My plan is less magnificent. Granny York isn’t there. Our party splits, part staying to meet her, the rest of us going to Oakworth Station to huddle in the waiting room round a coke fire as the rain pours. We reunite and go to Howarth, so full of folk the grandchildren are trampled underfoot. Archie (3) steals a plastic sword from a shop and runs up the hill hitting people. "I’d belt that if it were mine". Rain becomes a downpour. Drive home to find the yard flooded, water pouring into the cellar, and Granny Yorkshire waiting and very wet.
Sunday 23 April
Linda has won a free family portrait by a prize-winning photographer by filling in thousands of forms at Tesco. My protests that this is completely unnecessary with a top Grimsby photographer in the household are met with hysterical laughter and a comment from Sykes (age 7) that he’s fed up of being photographed by me. My attempts to get them to pose in a group beforehand are ruined when three grandchildren run away, and scream and sob when I drag them back.
My technique is wrong. The "Advice Prior to Sitting" sent to us by the professional says "on no account should you "warn" your children to behave themselves either before or especially during the sitting. This only puts children under pressure and precludes us from capturing their true personality" (or full obnoxiousness). For adults it says the "darker shades of clothing will make you look slimmer!". Linda appears all in black. It tells us to bring "anything you may consider to be a characteristic activity". Ours is bloody rows which start en route with Jonathan refusing to comb his long hair, and Susan opting for the Shirley Williams look.

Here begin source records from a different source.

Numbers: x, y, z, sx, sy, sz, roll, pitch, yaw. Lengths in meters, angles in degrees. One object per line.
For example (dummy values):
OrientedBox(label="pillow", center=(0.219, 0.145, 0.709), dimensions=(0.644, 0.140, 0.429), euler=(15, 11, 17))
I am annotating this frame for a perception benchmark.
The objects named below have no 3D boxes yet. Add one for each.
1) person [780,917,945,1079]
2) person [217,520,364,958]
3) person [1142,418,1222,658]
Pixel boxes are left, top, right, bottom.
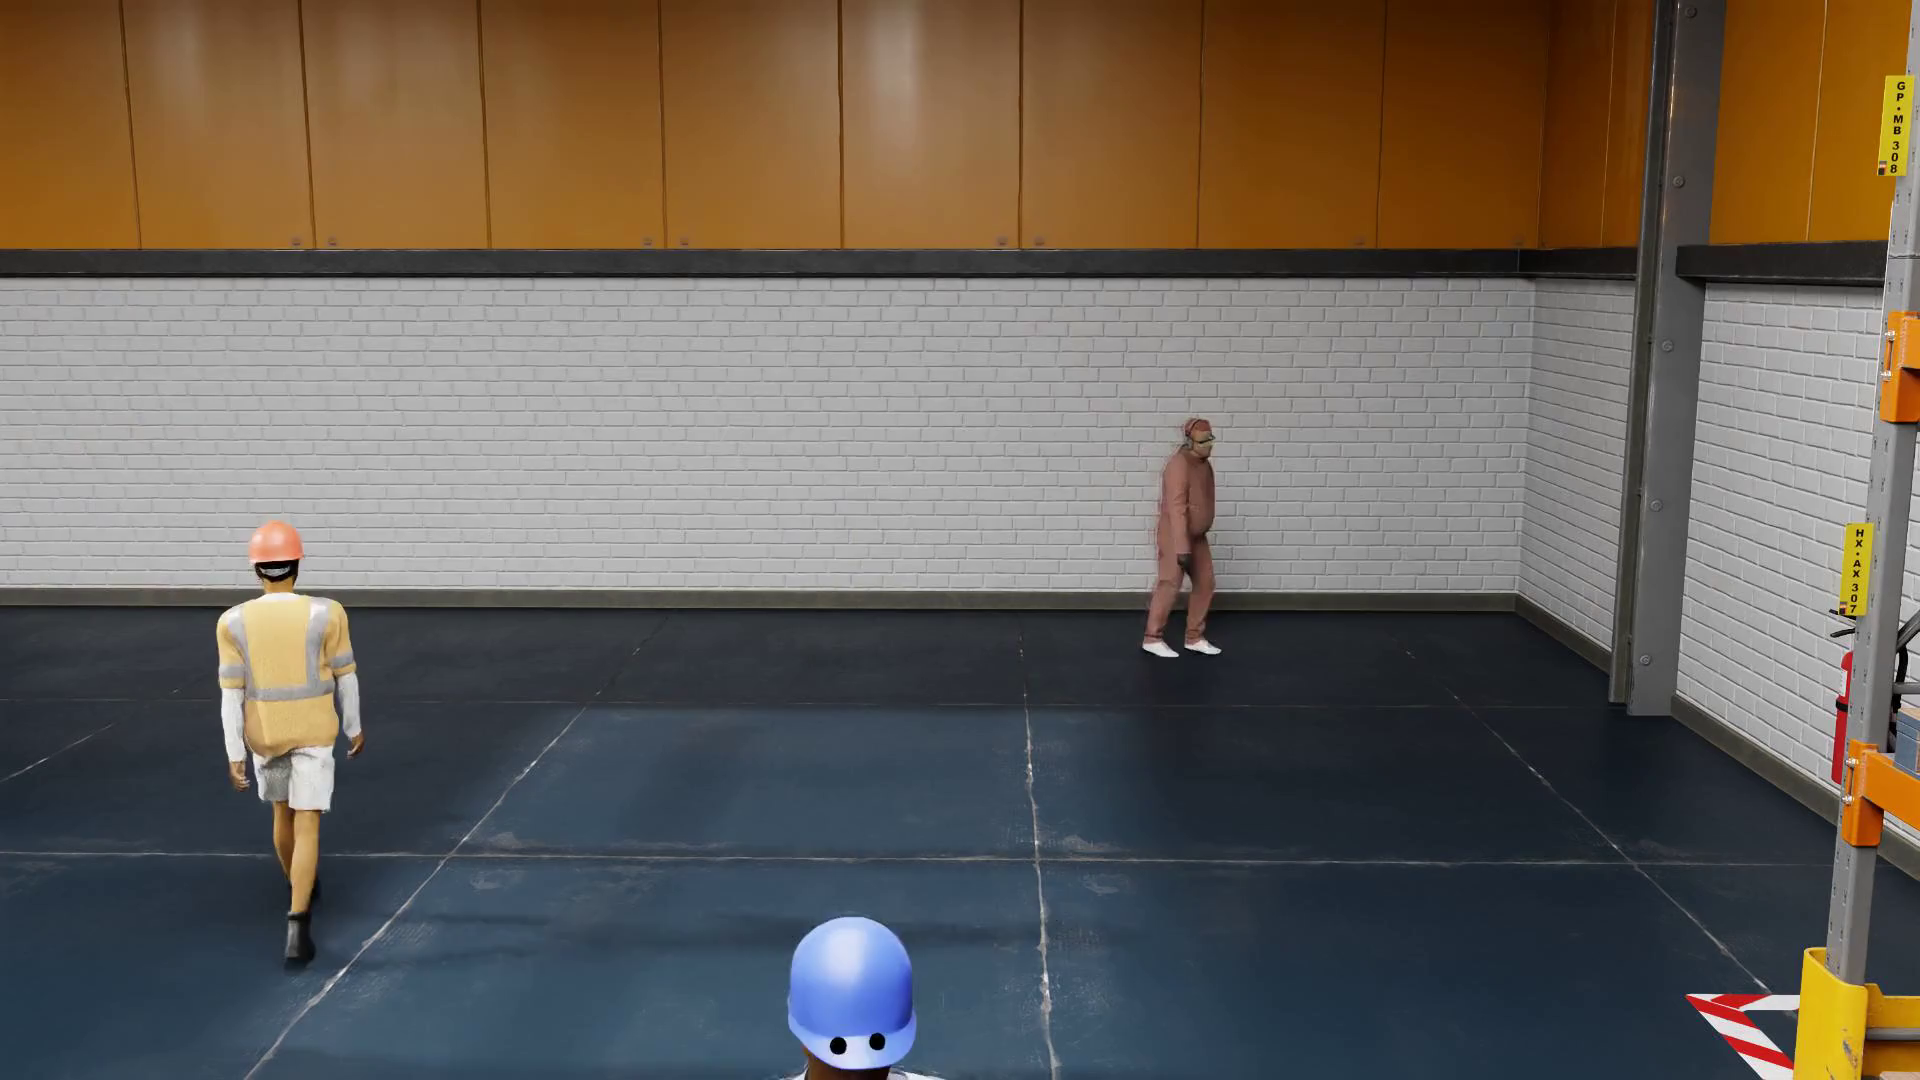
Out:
OrientedBox(label="person", center=(-0.197, 1.578, 2.925), dimensions=(0.632, 1.935, 0.594), euler=(-1, 10, -6))
OrientedBox(label="person", center=(-2.976, 0.862, 7.384), dimensions=(0.550, 1.896, 0.980), euler=(-1, 10, -7))
OrientedBox(label="person", center=(1.702, -0.001, 12.611), dimensions=(0.714, 1.865, 0.664), euler=(6, 11, 32))

Still, it should be a bonding experience and the photographer is a genius who hypnotises the kids, cheers me up by telling me to stand sideways to look thinner, gets a rare smile from Linda by lying that she’s lovely, and arranges the crowd spectacular to look almost like a family.
He then suggests a series of other pictures. I eagerly agree. Finally, he presents his bill. Hundreds of pounds per picture and only the first £50 free under the Tesco offer. I could have done that for free, I point out. Indignant cries of "but we enjoyed it" "no-one ever sees your photos" "you’re rubbish". Sulk for the rest of the day.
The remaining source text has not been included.